It truly does get better <3
- Hannah Whitfield
- Apr 12
- 2 min read
- my autistic glow up-
a letter to the younger me (and to you, if you're just starting out)
I used to think I was broken. That there was something deeply wrong with me. I didn’t understand why life felt so overwhelming, why everything hurt, or why I always seemed to be too much. Too sensitive. Too chaotic. Too intense. Too “different”.
Then, at 19, I heard the word autistic.
And no- it didn’t fix me. I didn’t suddenly feel free or whole. But it gave me something I never had before: a starting point.
Autism isn't a learning disability (though it can co-occur with one). Autism isn't one specific look or behaviour. It doesn’t have a set checklist or a neat box you fit into. It’s a spectrum, a full paint palette- not a straight line. It’s not “just a boy thing” or “only maths geniuses” or “people who don’t feel emotions.”
It’s me.
It’s a part of who I am. Alongside PDA. ADHD. C-PTSD. It shapes how I experience the world- and how the world responds to me.
My glow up didn’t come from “getting better”. It came from getting real. From unlearning everything I thought I had to be, and relearning who I actually was.

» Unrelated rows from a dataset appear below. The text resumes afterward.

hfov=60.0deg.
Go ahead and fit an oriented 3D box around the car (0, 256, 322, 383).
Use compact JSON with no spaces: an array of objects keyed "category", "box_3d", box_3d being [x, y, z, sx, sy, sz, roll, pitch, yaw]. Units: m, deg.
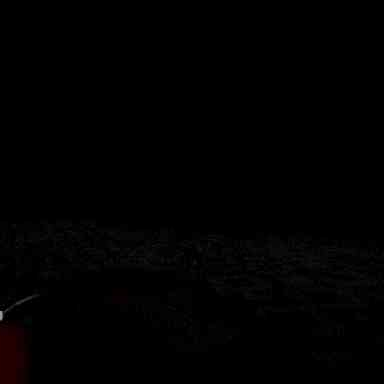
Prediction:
[{"category":"car","box_3d":[-0.981,1.544,3.662,4.507,1.381,1.887,0,0,36]}]
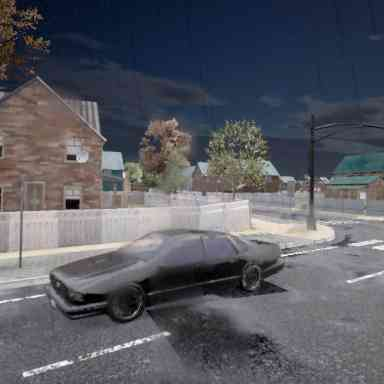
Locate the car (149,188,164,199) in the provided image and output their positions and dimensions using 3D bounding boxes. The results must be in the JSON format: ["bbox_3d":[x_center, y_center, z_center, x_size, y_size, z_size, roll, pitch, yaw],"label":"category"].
[{"bbox_3d":[-6.610,0.335,61.622,2.150,2.045,5.566,1,1,-21],"label":"car"}]

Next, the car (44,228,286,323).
[{"bbox_3d":[-0.252,1.550,7.362,5.357,1.411,2.033,0,0,-35],"label":"car"}]

The shift started with a pen and a blank page. I rediscovered journaling- not the perfect Pinterest-style spreads, but junk journaling, art journaling, my kind of journaling.
It gave me freedom.
A space to explore who Hannah is- without rules, without judgement, without trying to fit in. My notebook became my sanctuary. A planner, meltdown toolkit, sketchbook, scrapbook, poetry page, and sometimes just chaos in colour. That notebook told the truth before I could speak it out loud. It helped me process, unmask, and eventually- start living authentically.
Life didn’t magically become easy. It’s still hard. I still struggle. I am disabled by the world around me, by its pace, noise, rules, and expectations. But when I stopped measuring myself against who I thought I should be- and started building a life that fits me- that’s when everything started to change.
Healing isn’t linear. There’s no finish line. But there was a moment I chose to try. To stop hiding. To stop apologising. To start creating a life that reflects who I am, not who I’m told to be.
This is my autistic glow up.
Not about aesthetics, but authenticity. Not about fixing, but about unmasking. Not about being included- but being truly seen.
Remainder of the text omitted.